A subsidiary of the Company located in the Netherlands has a Euro denominated facilities agreement with ING Bank N.V. (“Aarding Facility”) with a total borrowing capacity of $13.9 million. As of March 31, 2017 and December 31, 2016, the borrowers were in compliance with all related financial and other restrictive covenants. As of March 31, 2017, $4.4 million of the bank guarantee and none of the overdraft facility are being used by the borrowers. As of December 31, 2016, $5.3 million of the bank guarantee and none of the overdraft facility was being used by the borrowers. There is no stated expiration date on the Aarding Facility.

A subsidiary of the Company located in China has a Chinese Yuan Renminbi denominated short-term loan with Bank of America (“China Facility”) with an amount outstanding of $1.3 million as of March 31, 2017 and December 31, 2016.  The China Facility has a stated interest rate of 4.79% and matures in May 2017.

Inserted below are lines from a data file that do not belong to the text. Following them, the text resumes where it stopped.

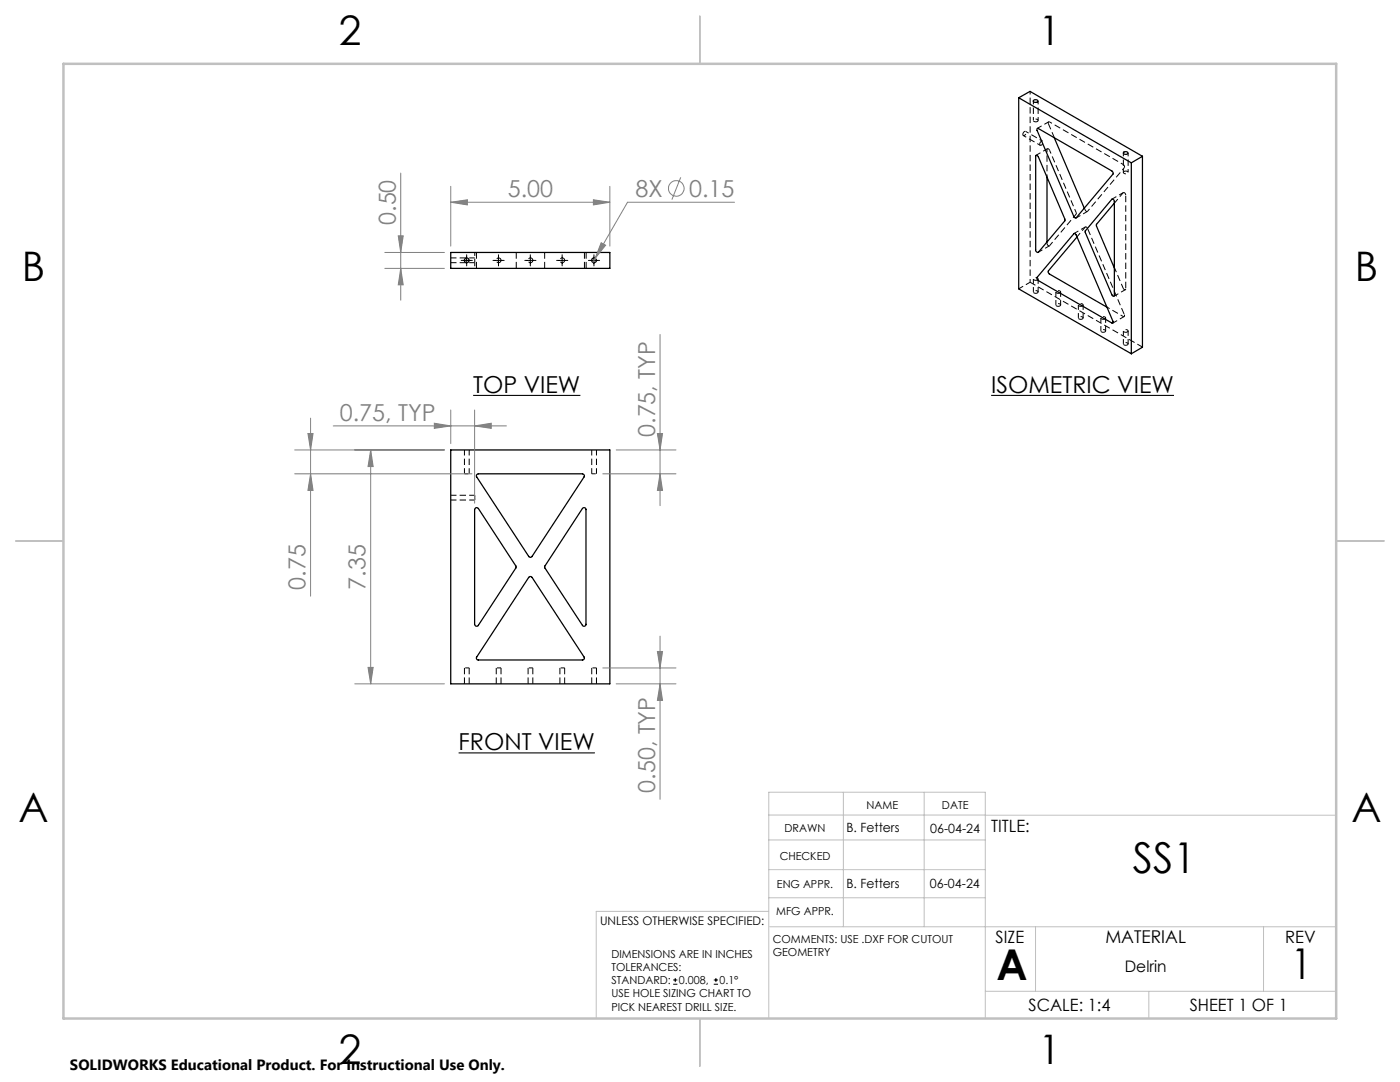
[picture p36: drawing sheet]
<svg xmlns="http://www.w3.org/2000/svg" width="279mm" height="216mm" viewBox="0 0 279 216" stroke-linecap="round" stroke-linejoin="round" font-family="sans-serif">
<defs><g id="words">
<g font-size="8.5">
<text x="226.1" y="174.2">SS1</text>
<text x="198.9" y="195.5">A</text>
<text x="257.6" y="195.4">1</text>
</g>
<g font-size="8.1">
<text x="67.6" y="8.9">2</text>
<text x="207.3" y="8.9">1</text>
<text x="4.4" y="56.1">B</text>
<text x="270.4" y="56.1">B</text>
<text x="3.7" y="164.1">A</text>
<text x="269.7" y="164.1">A</text>
<text x="67.6" y="212.4">2</text>
<text x="207.3" y="212.4">1</text>
</g>
<g font-size="4.7" fill="#808080">
<text x="101.3" y="39.3">5.00</text>
<text x="126.8" y="39.3">8X</text>
<text x="137.6" y="39.3">0.15</text>
<text x="79" y="44.9" transform="rotate(-90 79 44.9)">0.50</text>
<text x="67.8" y="83.9">0.75, TYP</text>
<text x="130.7" y="87.2" transform="rotate(-90 130.7 87.2)">0.75, TYP</text>
<text x="61" y="117.6" transform="rotate(-90 61 117.6)">0.75</text>
<text x="73" y="117.6" transform="rotate(-90 73 117.6)">7.35</text>
<text x="130.7" y="158.2" transform="rotate(-90 130.7 158.2)">0.50, TYP</text>
</g>
<g font-size="4.7">
<text x="94.4" y="78.4">TOP VIEW</text>
<text x="197.8" y="78.4">ISOMETRIC VIEW</text>
<text x="91.5" y="149.7">FRONT VIEW</text>
</g>
<text font-size="3.5" x="220.6" y="188.1">MATERIAL</text>
<g font-size="3.4">
<text x="197.8" y="166">TITLE:</text>
<text x="198.7" y="188.1">SIZE</text>
<text x="256.5" y="188.2">REV</text>
<text x="205.3" y="201.7">SCALE: 1:4</text>
<text x="237.4" y="201.7">SHEET 1 OF 1</text>
</g>
<text font-size="3.2" x="224.5" y="193.9">Delrin</text>
<text font-size="3" x="14" y="213.5">SOLIDWORKS Educational Product. For Instructional Use Only.</text>
<g font-size="2.5">
<text x="168.9" y="166.1">B. Fetters</text>
<text x="185.7" y="166.2">06-04-24</text>
<text x="168.9" y="177.1">B. Fetters</text>
<text x="185.6" y="177.1">06-04-24</text>
</g>
<text font-size="2.4" x="119.8" y="184.6">UNLESS OTHERWISE SPECIFIED:</text>
<g font-size="2.2">
<text x="172.9" y="161.4">NAME</text>
<text x="188" y="161.4">DATE</text>
<text x="156.6" y="166.1">DRAWN</text>
<text x="155.6" y="171.6">CHECKED</text>
<text x="155.1" y="177.1">ENG APPR.</text>
<text x="154.9" y="182.6">MFG APPR.</text>
<text x="122" y="191.1">DIMENSIONS ARE IN INCHES</text>
<text x="154.2" y="188.1">COMMENTS: USE .DXF FOR CUTOUT</text>
<text x="154.2" y="190.7">GEOMETRY</text>
<text x="122" y="193.7">TOLERANCES:</text>
<text x="122" y="196.4">STANDARD:</text>
<text x="135.5" y="196.4">0.008,</text>
<text x="143.6" y="196.4">0.1°</text>
<text x="122" y="199">USE HOLE SIZING CHART TO</text>
<text x="122" y="201.7">PICK NEAREST DRILL SIZE.</text>
</g>
</g></defs>
<path d="M94.8 52.4v-.9M92.7 94.5h.9M118.1 94.5h.9M93.6 133.3h-.9M100 133.3h-1M106.3 133.3h-.9M112.7 133.3h-1M119 133.3h-.9" fill="none" stroke="#000" stroke-width=".2" stroke-dasharray="1.3 .6" stroke-dashoffset=".5" stroke-linecap="butt"/>
<g fill="none" stroke="#000" stroke-width=".2" stroke-dasharray="1.3 .6" stroke-linecap="butt">
<path d="M209.5 24.3a.22 .22 0 0 0-.3 .1 .22 .22 0 0 0 0 .3M95.1 50.4v3.1M103 53.5v-3.1M108.7 50.4v3.1M116.6 53.5v-3.1M117 53.5v-3.1M209 48.3v.2M214.8 42.7v-.3M216.4 41.5l.2 .4M216.6 41.9l.2 .3h.2M217 45.6l-.2-.3h-.2M224.1 63.1a.22 .22 0 0 0 .3 0 .22 .22 0 0 0 0-.3"/>
<path d="M94.8 99.3v-.5M94.8 99.8v-.5M92.7 133.3v3.1M93.6 136.4v-3.1M99 133.3v3.1M100 136.4v-3.1M105.4 133.3v3.1M106.3 136.4v-3.1M111.7 133.3v3.1M112.7 136.4v-3.1M118.1 133.3v3.1M119 136.4v-3.1"/>
</g>
<path d="M224.2 38.5l-1.8 2M90 52.4h4.8M94.8 51.5h-4.8M90 99.8h4.8M92.7 89.8v4.7M93.6 94.5v-4.7M94.8 98.8h-4.8M118.1 89.8v4.7M119 94.5v-4.7" fill="none" stroke="#000" stroke-width=".2" stroke-dasharray="1.3 .6" stroke-dashoffset=".2" stroke-linecap="butt"/>
<g fill="none" stroke="#000" stroke-width=".25">
<path d="M203.3 19.5l22.5 13M203.3 19.5l2.3-1.3 22.4 13M203.3 19.5v38.1l22.5 13M206.2 20.1a.49 .49 0 0 1 .5-.2 .49 .49 0 0 1 .4 .4 .5 .5 0 0 1-.5 .2 .5 .5 0 0 1-.4-.4zM206.7 31h.3l.2 .3 5.3 12.5v.3l-5.3 6.2a.47 .47 0 0 1-.5-.5zM207 25.7l.2-.1 14.7 8.5 .2 .3v.3l-7.4 8.8-.4-.3-7.3-17.2zM209 35.3v13M210.4 27.5l6 14.1M221.9 39.8a.43 .43 0 0 1 .5 .5v18.7l-.2 .1-.3-.2-5.4-12.7zM224.2 30.4a.44 .44 0 0 1 .5-.2 .44 .44 0 0 1 .3 .5 .46 .46 0 0 1-.5 .1 .46 .46 0 0 1-.3-.4zM225.8 32.5v38.1M228 31.2v38.1l-2.2 1.3"/>
<path d="M228 31.2l-2.2 1.3M90 50.4h31.7v3.2h-31.7zM214.3 46.6a.3 .3 0 0 1 .5 .3l7.3 17.2a.21 .21 0 0 1 .1 .3 .21 .21 0 0 1-.3 .1l-14.9-8.7v-.4zM214.9 47.3l-5.7 6.7v.3l.2 .3 11.5 6.7M222.4 40.5l-3.6 4.3 3.6 8.7M90 89.8h31.7v46.7h-31.7zM95.2 94.7l.3-.2h20.7a.43 .43 0 0 1 .4 .7l-10.4 15.8a.37 .37 0 0 1-.3 .2 .37 .37 0 0 1-.4-.2l-10.4-15.9zM94.9 101.4l.2-.1 .4 .2 7.5 11.5v.3l-7.5 11.5a.4 .4 0 0 1-.5 .2 .4 .4 0 0 1-.3-.4v-22.9zM105.5 115.2a.41 .41 0 0 1 .7 0l10.4 15.9a.41 .41 0 0 1-.4 .6h-20.7a.38 .38 0 0 1-.4-.2 .38 .38 0 0 1 0-.4zM116.2 101.5a.39 .39 0 0 1 .5-.2 .39 .39 0 0 1 .2 .4v22.9a.38 .38 0 0 1-.2 .4 .38 .38 0 0 1-.5-.2l-7.5-11.6v-.2z"/>
<circle cx="93.2" cy="51.9" r=".47"/>
<circle cx="118.5" cy="51.9" r=".47"/>
</g>
<path d="M205.6 18.2v38.1M204.2 27l3.4 2M206.2 20.1v3.9M207.2 24v-3.9M208.1 28.2l-3.4-2M224.2 30.5v3.9M225.1 34.4v-3.9M94.8 50.4v1.1M94.8 52.4v1.1M214.8 42.4l-5.3-12.4" fill="none" stroke="#000" stroke-width=".2" stroke-dasharray="1.3 .6" stroke-dashoffset=".6" stroke-linecap="butt"/>
<path d="M209.2 24.7l1.2 2.8M100 51.9a.47 .47 0 0 1-.7 .5 .47 .47 0 0 1-.1-.8 .47 .47 0 0 1 .8 .2v.1M106.3 51.9a.47 .47 0 0 1-.6 .5 .47 .47 0 0 1-.1-.8 .47 .47 0 0 1 .7 .2v.1M112.7 51.9a.47 .47 0 0 1-.7 .5 .47 .47 0 0 1-.1-.8 .47 .47 0 0 1 .8 .2v.1M205.6 56.3l22.4 13" fill="none" stroke="#000" stroke-width=".2" stroke-dasharray="1.3 .6" stroke-dashoffset=".1" stroke-linecap="butt"/>
<g fill="none" stroke="#000" stroke-width=".2" stroke-dasharray="1.3 .6" stroke-dashoffset=".4" stroke-linecap="butt">
<path d="M204.1 26.8a.41 .41 0 0 1 .2-.5 .41 .41 0 0 1 .5 .1 .45 .45 0 0 1-.1 .5 .45 .45 0 0 1-.6 0v-.1M207 24.2a.29 .29 0 0 0 .1-.4 .29 .29 0 0 0-.4 0h-.2a.28 .28 0 0 0-.3 .3 .28 .28 0 0 0 .5 .2l.3-.1M207.5 28.8a.41 .41 0 0 1 .1-.5 .41 .41 0 0 1 .6 0 .45 .45 0 0 1-.2 .5 .45 .45 0 0 1-.5 .1v-.1M209.5 30l-.3-.3-.2 .2M224.3 34.2a.29 .29 0 0 0 0 .4 .29 .29 0 0 0 .4 .1h.1a.28 .28 0 0 0 .3-.4 .28 .28 0 0 0-.4-.2l-.4 .1M224.4 33.4v-.3l-.3-.3M224.7 38.9a.42 .42 0 0 0-.5-.4M207 55.9a.41 .41 0 0 1-.5 .1 .41 .41 0 0 1-.2-.5 .45 .45 0 0 1 .5-.1 .45 .45 0 0 1 .3 .4l-.1 .1M207 58.5a.41 .41 0 0 1-.5 .1 .41 .41 0 0 1-.2-.5 .45 .45 0 0 1 .5-.1 .45 .45 0 0 1 .3 .4l-.1 .1M209 48.5a.42 .42 0 0 0 .5 .5M211.5 58.5a.41 .41 0 0 1-.5 .1 .41 .41 0 0 1-.2-.5 .45 .45 0 0 1 .5-.1 .45 .45 0 0 1 .3 .4l-.1 .1M224.2 57.5l.3 .3 .2-.2"/>
<path d="M211.5 61a.41 .41 0 0 1-.5 .2 .41 .41 0 0 1-.2-.5 .45 .45 0 0 1 .5-.2 .45 .45 0 0 1 .3 .5h-.1M216 61a.41 .41 0 0 1-.5 .2 .41 .41 0 0 1-.2-.5 .45 .45 0 0 1 .5-.2 .45 .45 0 0 1 .3 .5h-.1M216 63.6a.41 .41 0 0 1-.5 .2 .41 .41 0 0 1-.2-.5 .45 .45 0 0 1 .5-.2 .45 .45 0 0 1 .3 .5h-.1M220.5 63.6a.41 .41 0 0 1-.5 .2 .41 .41 0 0 1-.2-.5 .45 .45 0 0 1 .5-.2 .45 .45 0 0 1 .3 .5h-.1M220.5 66.2a.41 .41 0 0 1-.5 .2 .41 .41 0 0 1-.2-.5 .45 .45 0 0 1 .5-.2 .45 .45 0 0 1 .3 .5h-.1M225 66.2a.41 .41 0 0 1-.5 .2 .41 .41 0 0 1-.2-.5 .45 .45 0 0 1 .5-.2 .45 .45 0 0 1 .3 .5h-.1M225 68.8a.41 .41 0 0 1-.5 .1 .41 .41 0 0 1-.2-.4 .45 .45 0 0 1 .5-.2 .45 .45 0 0 1 .3 .5h-.1"/>
</g>
<path d="M224.1 32.8l-14.6-8.5M217 42.2l7.4-8.8M221 61.3l3.1 1.8" fill="none" stroke="#000" stroke-width=".2" stroke-dasharray="1.3 .6" stroke-dashoffset=".7" stroke-linecap="butt"/>
<path d="M224.7 57.6v-18.7M224.4 62.8l-7.4-17.2" fill="none" stroke="#000" stroke-width=".2" stroke-dasharray="1.3 .6" stroke-dashoffset="-.1" stroke-linecap="butt"/>
<g fill="none" stroke="#000" stroke-width=".2" stroke-dasharray="1.3 .6" stroke-dashoffset=".3" stroke-linecap="butt">
<path d="M209 29.7l-2.2 1.3M209.3 24.3l-2.3 1.3M224.2 38.4l-2.3 1.3M203.3 57.6l2.3-1.3M206.2 55.7v2.6M207.2 58.3v-2.6M207.2 50.3l2.2-1.2M209.5 49l5.3-6.3M210.7 58.3v2.6M214.8 43.5l2.2-1.3M216.6 45.3l-1.6 1.9M216.6 45.3l-2.2 1.3"/>
<path d="M222.3 59.1l2.3-1.3M222.4 53.4l1.8 4.1M211.7 60.9v-2.6M215.2 60.9v2.5M216.2 63.4v-2.5M219.7 63.4v2.6M220.7 66v-2.6M222.1 64.5l2.2-1.3M224.2 66v2.6M225.1 68.6v-2.6"/>
</g>
<path d="M209 29.9v5.4" fill="none" stroke="#000" stroke-width=".2" stroke-dasharray="1.3 .6" stroke-dashoffset=".8" stroke-linecap="butt"/>
<g fill="none" stroke="#808080" stroke-width=".2">
<path d="M80 34.5v25.4M90 37.2v11.9M118.4 39.9l3.3 .5-3.3 .5zM121.7 37.2v11.9M135.9 35.4l-1.8 4.4M76.8 53.6h11.9M76.8 50.4h11.9M79.5 47.1h1l-.5 3.3zM80 53.6l.5 3.2h-1zM90 40.4l3.3-.5v1zM90 40.4h31.7M118.8 51.5l-.5 .9"/>
<path d="M120 48.4l.9 .5-2.1 2.6zM146.6 40.4h-21.4l-6.4 11.1M131.7 66.7v34.2M58.8 94.5h35.4M58.8 89.8h29.9M61.5 86.5h1l-.5 3.3zM62 83.4v35.6M62 94.5l.5 3.4h-1zM66.5 85h34.6M74 89.8l.5 3.3h-1.1zM74 89.8v46.7M86.7 84.5l3.3 .5-3.3 .5z"/>
<path d="M90 81.8v6.7M94.7 85l3.3-.5v1zM94.7 81.8v18.6M120.3 94.5h14.6M123 89.8h11.9M131.2 86.5h1l-.5 3.3zM131.7 94.5l.5 3.4h-1zM70.8 136.5h17.9M73.4 133.2h1.1l-.5 3.3zM120.3 133.3h14.6M123 136.5h11.9M131.2 130h1l-.5 3.3z"/>
<path d="M131.7 136.5l.5 3.3h-1zM131.7 126.9v32.6"/>
<circle cx="135" cy="37.6" r="1.55"/>
</g>
<g fill="none" stroke="#000" stroke-width=".2">
<path d="M92 52h2.3M93.1 50.8v2.3M98.4 52h2.2M99.5 50.8v2.3M104.7 52h2.3M105.8 50.8v2.3M111.1 52h2.2M112.2 50.8v2.3M117.4 52h2.3M118.5 50.8v2.3M134.3 196.4h.9M134.3 195.5h.9"/>
<path d="M134.8 195.2v.8M142.5 196.4h.8M142.5 195.5h.8M142.9 195.2v.8"/>
</g>
<path d="M94.4 78.9h21.4M197.8 78.9h36.5M91.5 150.2h27.2" fill="none" stroke="#000" stroke-width=".21"/>
<g fill="none" stroke="#c0c0c0" stroke-width=".2">
<path d="M168.3 158.1v26.8M184.4 158.1v26.8M153.4 162.6l113.3 .1M153.4 167.6h43.2M153.4 173.5h43.2M153.4 179.1h43.2M153.4 181.9h-34.4v21.3M153.6 184.9h113.1M196.6 197.8h70.1M206.7 184.9v12.9M229.3 197.8v5.4M252.2 184.9v12.9"/>
<path d="M153.4 203.2v-45.1h43.2v45.1"/>
</g>
<path d="M139.7 3.2v9.5M3.1 107.9h9.6M266.7 107.9h9.5M139.7 203.2v9.6" fill="none" stroke="#c0c0c0" stroke-width=".25"/>
<path d="M12.7 12.7h254v190.5h-254z" fill="none" stroke="#c0c0c0" stroke-width=".5"/>
<g fill="#808080">
<path d="M120 48.4l.9 .5-2.1 2.6z"/>
<path d="M118.4 39.9l3.3 .5-3.3 .5zM90 40.4l3.3-.5v1z"/>
<path d="M86.7 84.5l3.3 .5-3.3 .5zM94.7 85l3.3-.5v1z"/>
<path d="M131.7 94.5l.5 3.4h-1zM131.2 86.5h1l-.5 3.3zM80 53.6l.5 3.2h-1zM79.5 47.1h1l-.5 3.3z"/>
<path d="M131.2 130h1l-.5 3.3zM131.7 136.5l.5 3.3h-1zM74 89.8l.5 3.3h-1.1zM73.4 133.2h1.1l-.5 3.3zM61.5 86.5h1l-.5 3.3zM62 94.5l.5 3.4h-1z"/>
</g>
<use href="#words"/>
</svg>

As a result of the PMFG acquisition, the Company acquired a 60% equity investment in Peerless Propulsys that entitled the Company to 80% of Peerless Propulsys’s earnings.  In prior periods, the noncontrolling interest of Peerless Propulsys was reported as a separate component on the Consolidated Balance Sheets.  During July of 2016, the Company entered into an agreement with the noncontrolling owner of Peerless Propulsys and issued a promissory note in the amount of $5.3 million due on July 11, 2019 in exchange for the remaining interest in Peerless Propulysys, which increased the Company’s ownership to 100% in the equity and earnings of Peerless Propulsys.  The interest rate on the note payable is 1.50%, which approximates the market rate given the short term duration of the note payable.  All of the Company’s assets are guaranteed to secure this agreement.  As of December 31, 2016 and March 31, 2017, $5.3 million of the note payable was outstanding.  The note is payable at the earlier of July 11, 2019 or thirty days subsequent to the sale of building and land that the Company owns in China.   As the Company intends to sell this building and land within one year of March 31, 2017, this note payable is currently classified as a current liability in the Consolidated Balance Sheets as of December 31, 2017.